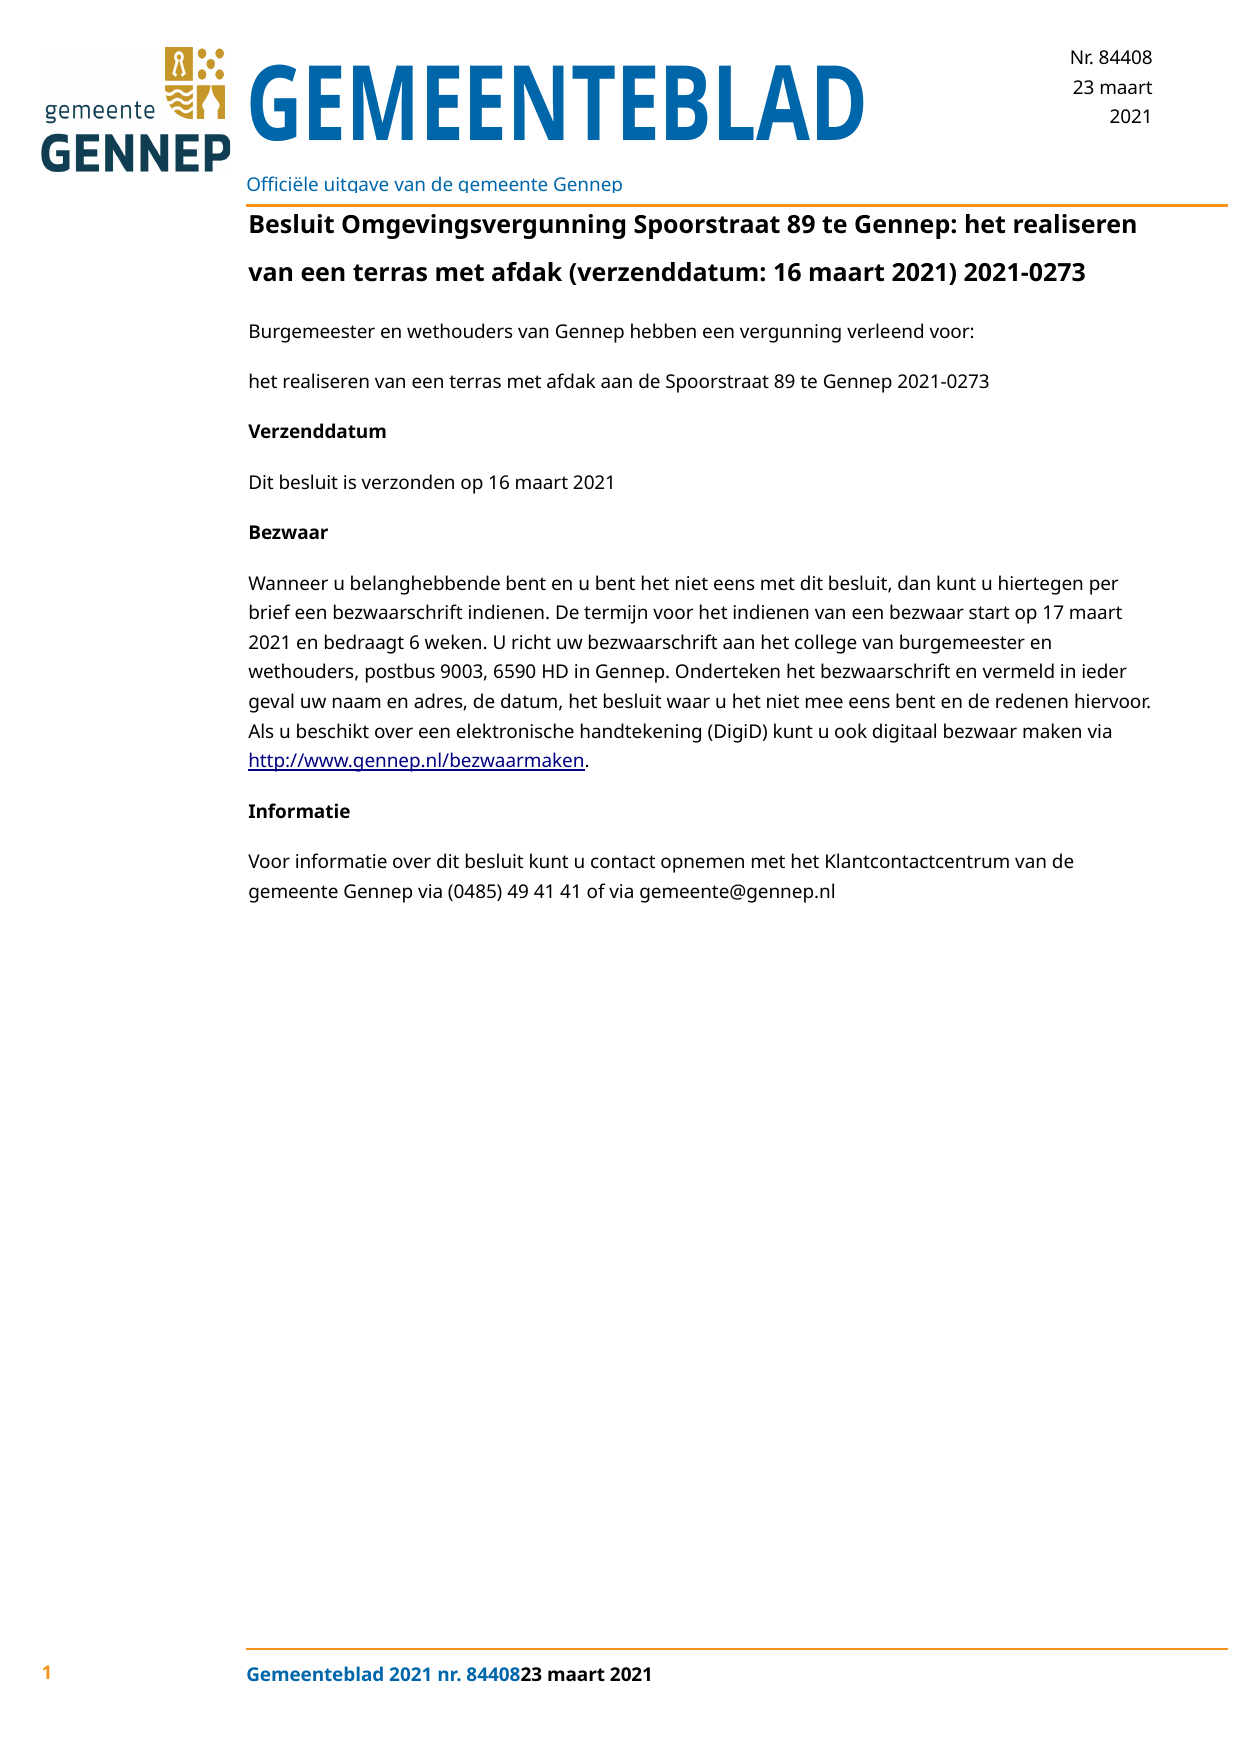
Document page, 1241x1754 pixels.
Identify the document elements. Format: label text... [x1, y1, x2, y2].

text Dit besluit is verzonden op 16 maart 2021 [248, 469, 1152, 495]
text Verzenddatum [248, 419, 1152, 444]
text het realiseren van een terras met afdak aan de Spoorstraat 89 te Gennep 2021-0273 [248, 368, 1152, 394]
text Informatie [248, 798, 1152, 824]
text Besluit Omgevingsvergunning Spoorstraat 89 te Gennep: het realiseren van een terras met afdak (verzenddatum: 16 maart 2021) 2021-0273 [248, 207, 1152, 288]
text Bezwaar [248, 519, 1152, 545]
text Wanneer u belanghebbende bent en u bent het niet eens met dit besluit, dan kunt u hiertegen per brief een bezwaarschrift indienen. De termijn voor het indienen van een bezwaar start op 17 maart 2021 en bedraagt 6 weken. U richt uw bezwaarschrift aan het college van burgemeester en wethouders, postbus 9003, 6590 HD in Gennep. Onderteken het bezwaarschrift en vermeld in ieder geval uw naam en adres, de datum, het besluit waar u het niet mee eens bent en de redenen hiervoor. Als u beschikt over een elektronische handtekening (DigiD) kunt u ook digitaal bezwaar maken via http://www.gennep.nl/bezwaarmaken. [248, 570, 1152, 773]
text Burgemeester en wethouders van Gennep hebben een vergunning verleend voor: [248, 318, 1152, 344]
picture [41, 47, 231, 172]
text Voor informatie over dit besluit kunt u contact opnemen met het Klantcontactcentrum van de gemeente Gennep via (0485) 49 41 41 of via gemeente@gennep.nl [248, 848, 1152, 904]

☆ ☆ ☆ ☆ ☆

The line containing "text Bezwaar [248, 519, 1152, 545]" marks where the copy ends; print every line before it from the start of the records, and that line too, but no pictures.

Result of the exercise:
Document page, 1241x1754 pixels.
Identify the document elements. Format: label text... [x1, y1, x2, y2].

text Dit besluit is verzonden op 16 maart 2021 [248, 469, 1152, 495]
text Verzenddatum [248, 419, 1152, 444]
text het realiseren van een terras met afdak aan de Spoorstraat 89 te Gennep 2021-0273 [248, 368, 1152, 394]
text Informatie [248, 798, 1152, 824]
text Besluit Omgevingsvergunning Spoorstraat 89 te Gennep: het realiseren van een terras met afdak (verzenddatum: 16 maart 2021) 2021-0273 [248, 207, 1152, 288]
text Bezwaar [248, 519, 1152, 545]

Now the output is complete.